Le règlement qui discipline les rapports entre les élèves et les chefs est formé de façon que la tyrannie soit entière et sans contrôle d'un côté, et la soumission absurde et complète de l'autre. On doit avoir sans cesse son chapeau à la main, ne jamais exprimer, même par un signe le plus simple, le moins sensible, un mécontentement. Si une querelle s'élève, si le droit est du côté du plus faible, n'importe, vous avez mal agi, vos supérieurs ont raison; car, de même que l'infaillible royauté, ils ne peuvent avoir tort. Cette suprématie est peut-être nécessaire au maintien de la discipline, soit; mais, en admettant l'utilité de sa rigoureuse exigence, on ne peut s'empêcher de la considérer comme arbitraire et souverainement despotique.

Cette appréciation de la loi est faite sans espoir d'en corriger les abus; mais ces abus ont toujours violemment froissé les hommes qui s'en trouvaient les victimes, et leur ont inspiré le désir d'y apporter des remèdes à l'heure du pouvoir. Malheureusement la nature humaine a tant de faiblesses, d'irrésolutions dans la pensée, d'égoïsme dans l'action, que, l'instant venu où une parole juste et ferme pourrait changer le déplorable état des choses, l'améliorer, ils oublient leurs projets de réforme, ou, pour mieux dire, ils ne les considèrent plus sous leur véritable jour.

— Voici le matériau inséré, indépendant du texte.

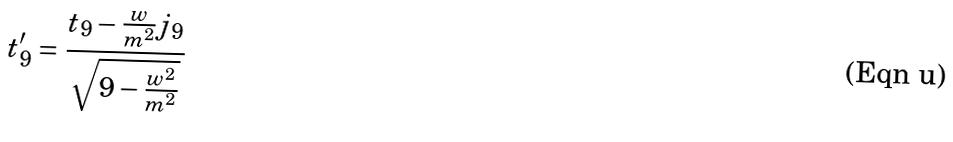<formula> <loc_0><loc_0><loc_500><loc_500>t _ { 9 } ^ { \prime } = \frac { t _ { 9 } - \frac { w } { m ^ { 2 } } j _ { 9 } } { \sqrt { 9 - \frac { w ^ { 2 } } { m ^ { 2 } } } }</formula> 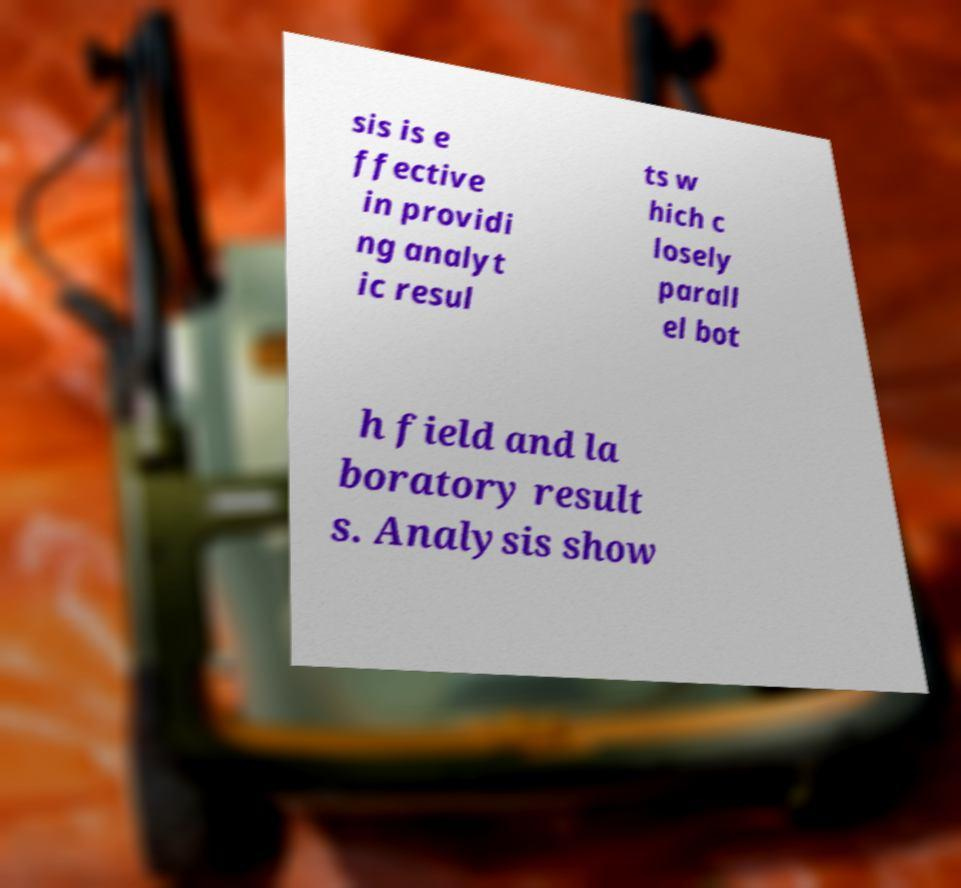Can you read and provide the text displayed in the image?This photo seems to have some interesting text. Can you extract and type it out for me? sis is e ffective in providi ng analyt ic resul ts w hich c losely parall el bot h field and la boratory result s. Analysis show 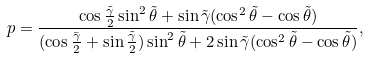Convert formula to latex. <formula><loc_0><loc_0><loc_500><loc_500>p = \frac { \cos \frac { \tilde { \gamma } } { 2 } \sin ^ { 2 } \tilde { \theta } + \sin \tilde { \gamma } ( \cos ^ { 2 } \tilde { \theta } - \cos \tilde { \theta } ) } { ( \cos \frac { \bar { \gamma } } { 2 } + \sin \frac { \tilde { \gamma } } { 2 } ) \sin ^ { 2 } \tilde { \theta } + 2 \sin \tilde { \gamma } ( \cos ^ { 2 } \tilde { \theta } - \cos \tilde { \theta } ) } ,</formula> 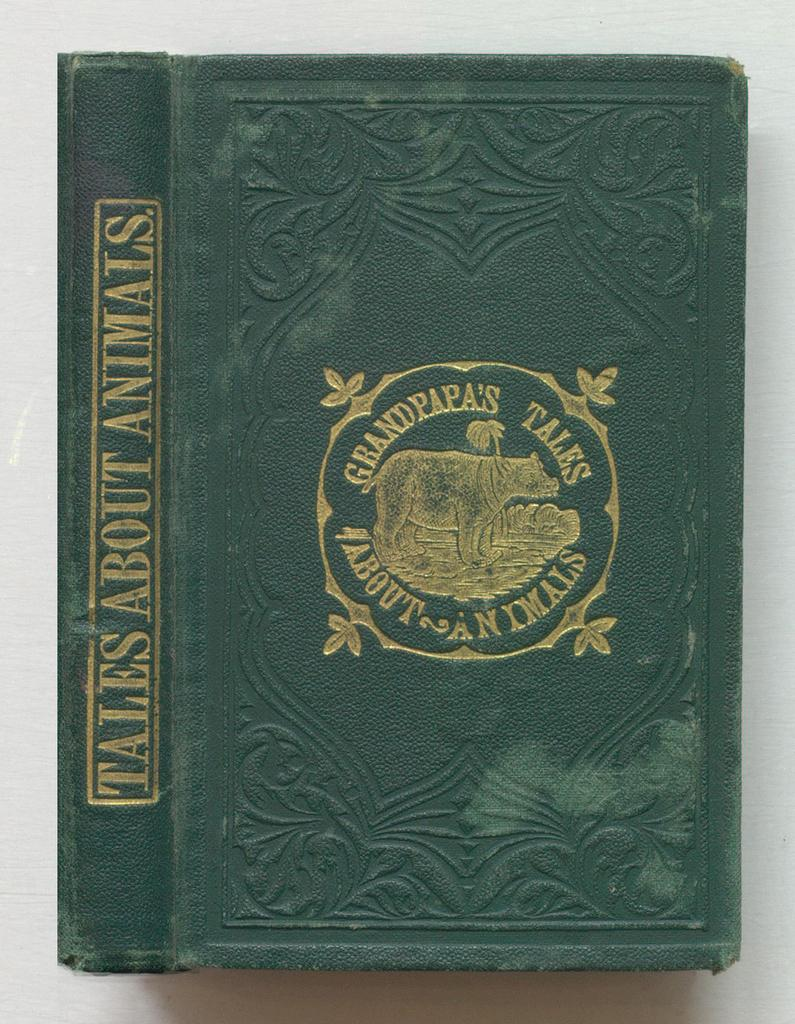<image>
Summarize the visual content of the image. An old green book about animals has gold embossing.

Les changements, appelés de tant de voeux à une époque où ils leur eussent été personnellement utiles, ne sont, quand ils n'aident pas à leur bien-être, que des innovations dangereuses, des impossibilités, un abandon du droit.

Ils expriment alors leurs nouvelles croyances à l'aide de phrases spécieuses, telles que celles-ci:

«Il faut faire comme les autres.--Les choses sont bien ainsi. La tentative de les améliorer serait présomptueuse.»

Toutes ces défaites cachent maladroitement leur désir de tyrannie, désir souvent immodéré dans le coeur de ceux qui ont le plus crié à l'injuste en étant le moins maltraités.

Ils continuent donc à suivre le même chemin, à perpétuer le même système, car ils ne vivent que pour eux et agissent, sinon honnêtement, du moins avec prudence.

Bacon a dit de la fourmi: «C'est une sage créature pour elle-même, mais un fléau pour un jardin.» On oppose généralement d'infranchissables obstacles à ceux qui essayent de faire accepter des changements dans les habitudes invétérées par un long usage, parce que ces changements sont regardés comme une insulte à la mémoire ou à l'expérience des hommes qui ne les ont pas conçus, parce que c'est dire aux uns qu'ils ont été des sots, aux autres qu'ils le sont encore.

De tout temps et dans tous les siècles, les réformateurs, n'importe quel a été leur motif ou leur but, ont souffert le martyre, et la multitude a toujours montré une sauvage exaltation en assistant à leur supplice. Faites entrer la lumière dans un nid de jeunes hiboux, ils crieront contre l'injure que vous leur faites. Eh bien! les hommes médiocres sont de jeunes hiboux: quand vous voulez leur présenter des idées vivaces, fortes et brillantes, ils les dénigrent en les déclarant absurdes, fausses et dangereuses. Chaque abus qu'on tente de réformer est le patrimoine de ceux qui ont plus d'influence que les réformateurs, un bien défendu et insaisissable.